From www.medscape.com
Nyhetsinfo
www red DiabetologNytt

Subcutaneous administration of long-acting C-peptide once a week for 52 weeks did not improve sural nerve conduction velocity or peripheral neuropathy, but it significantly improved vibration perception threshold in type 1 diabetes patients with peripheral neuropathy, when compared with placebo, according to data recently published in Diabetes Care.

Patients with type 1 diabetes who have a lack of C-peptide can develop additional microvascular complications. However, previous studies have shown that replacing C-peptide has improved peripheral nerve function in type 1 diabetes, prompting researchers to evaluate the safety and efficacy of a long-acting C-peptide in patients with type 1 diabetes with mild or moderate peripheral neuropathy.

Researchers enrolled 250 patients with type 1 diabetes and peripheral neuropathy in the study. The participants received pegylated C-peptide in weekly doses of 0.8 mg (n=71) or 2.4 mg (n=73) or placebo (n=106) for 52 weeks. They measured sural nerve conduction velocity and vibration perception threshold on the big toe at start of the study and at26 and 52 weeks, and used modified Toronto Neuropathy Score (mTCNS) to grade the peripheral neuropathy.

Plasma concentrations of C-peptide rose to 1.8 nmol/L to 2.2 nmol/L for the low-dose group and 5.6 nmol/L to 6.8 nmol/L for the high-dose group. After 52 weeks of treatment, sural nerve conduction velocity increased by 1.30 meters per second (P<.005) among the patients receiving C-peptide in the low-dose group, and by 0.64 meters per second (P<.025) in the high-dose group. However, a similar increase was also observed in the placebo group (1.19 meters per second). 

The authors note that the improvement in the placebo group could be due to extra care and attention given to the participants during the clinical trial, or due to changes in lifestyle inspired by the study. 

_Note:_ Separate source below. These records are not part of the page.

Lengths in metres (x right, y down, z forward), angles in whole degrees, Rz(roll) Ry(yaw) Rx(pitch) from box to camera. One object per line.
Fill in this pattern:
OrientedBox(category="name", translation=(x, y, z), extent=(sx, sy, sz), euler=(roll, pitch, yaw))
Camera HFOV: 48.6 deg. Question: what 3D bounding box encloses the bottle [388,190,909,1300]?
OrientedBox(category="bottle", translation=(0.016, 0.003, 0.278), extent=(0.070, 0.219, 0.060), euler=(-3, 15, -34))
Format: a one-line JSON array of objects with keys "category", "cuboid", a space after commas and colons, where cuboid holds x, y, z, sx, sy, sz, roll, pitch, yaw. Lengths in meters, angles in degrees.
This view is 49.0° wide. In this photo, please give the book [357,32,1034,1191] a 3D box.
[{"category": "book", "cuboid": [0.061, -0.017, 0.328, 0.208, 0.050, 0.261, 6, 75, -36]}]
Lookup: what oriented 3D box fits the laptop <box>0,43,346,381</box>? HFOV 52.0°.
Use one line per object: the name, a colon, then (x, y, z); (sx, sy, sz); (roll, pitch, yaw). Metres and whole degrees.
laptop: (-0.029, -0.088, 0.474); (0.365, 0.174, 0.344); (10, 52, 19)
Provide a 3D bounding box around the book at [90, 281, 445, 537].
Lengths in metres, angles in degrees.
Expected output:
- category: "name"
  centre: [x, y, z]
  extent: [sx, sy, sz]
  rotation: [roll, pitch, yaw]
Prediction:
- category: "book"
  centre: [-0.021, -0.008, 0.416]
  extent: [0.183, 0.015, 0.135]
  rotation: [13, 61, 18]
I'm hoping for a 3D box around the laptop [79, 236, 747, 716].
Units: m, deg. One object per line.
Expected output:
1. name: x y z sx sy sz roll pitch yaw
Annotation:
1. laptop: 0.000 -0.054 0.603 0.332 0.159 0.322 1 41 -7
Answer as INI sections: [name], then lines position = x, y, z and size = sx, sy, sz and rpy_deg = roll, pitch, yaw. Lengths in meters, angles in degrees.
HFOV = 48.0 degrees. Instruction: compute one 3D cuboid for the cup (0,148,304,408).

“Irrespective of the mechanism involved, the present and previous findings of a marked placebo response for [sural nerve conduction velocity] in clinical trials of diabetic neuropathy raises the question whether [nerve conduction velocity] is an optimal and biologically meaningful outcome variable in studies of this type,” they stated.

The mTCNS remained unchanged throughout the study. Levels of vibration perception threshold, however, lowered gradually for both the low-dose group (P<.003) and the high-dose group (P<.02) over the course of the study. The low-dose group had lowered their vibration perception threshold by an average of 31% and the high-dose group by 19%. Researchers observed very little change in vibration perception threshold in the placebo group.

“The marked [vibration perception threshold] improvement observed in the current study, although associated with nonsignificant changes in [sural nerve conduction velocity], other electrophysiological variables, or mTCNS, can be interpreted as targeted improvement in a key aspect of sensory function,” the authors noted.

“The longer duration of the current study and an improved technique of recording [vibration perception threshold] possibly contributed to the present distinctive improvement.”

Reference

  1. Wahren J, Foyt H, Daniels M, Arezzo JC. Long-Acting C-peptide and Neuropathy in Type 1 Diabetes—A 12-Month Clinical Trial. Diabetes Care. 2016;39. doi: 10.2337/dc15-2068.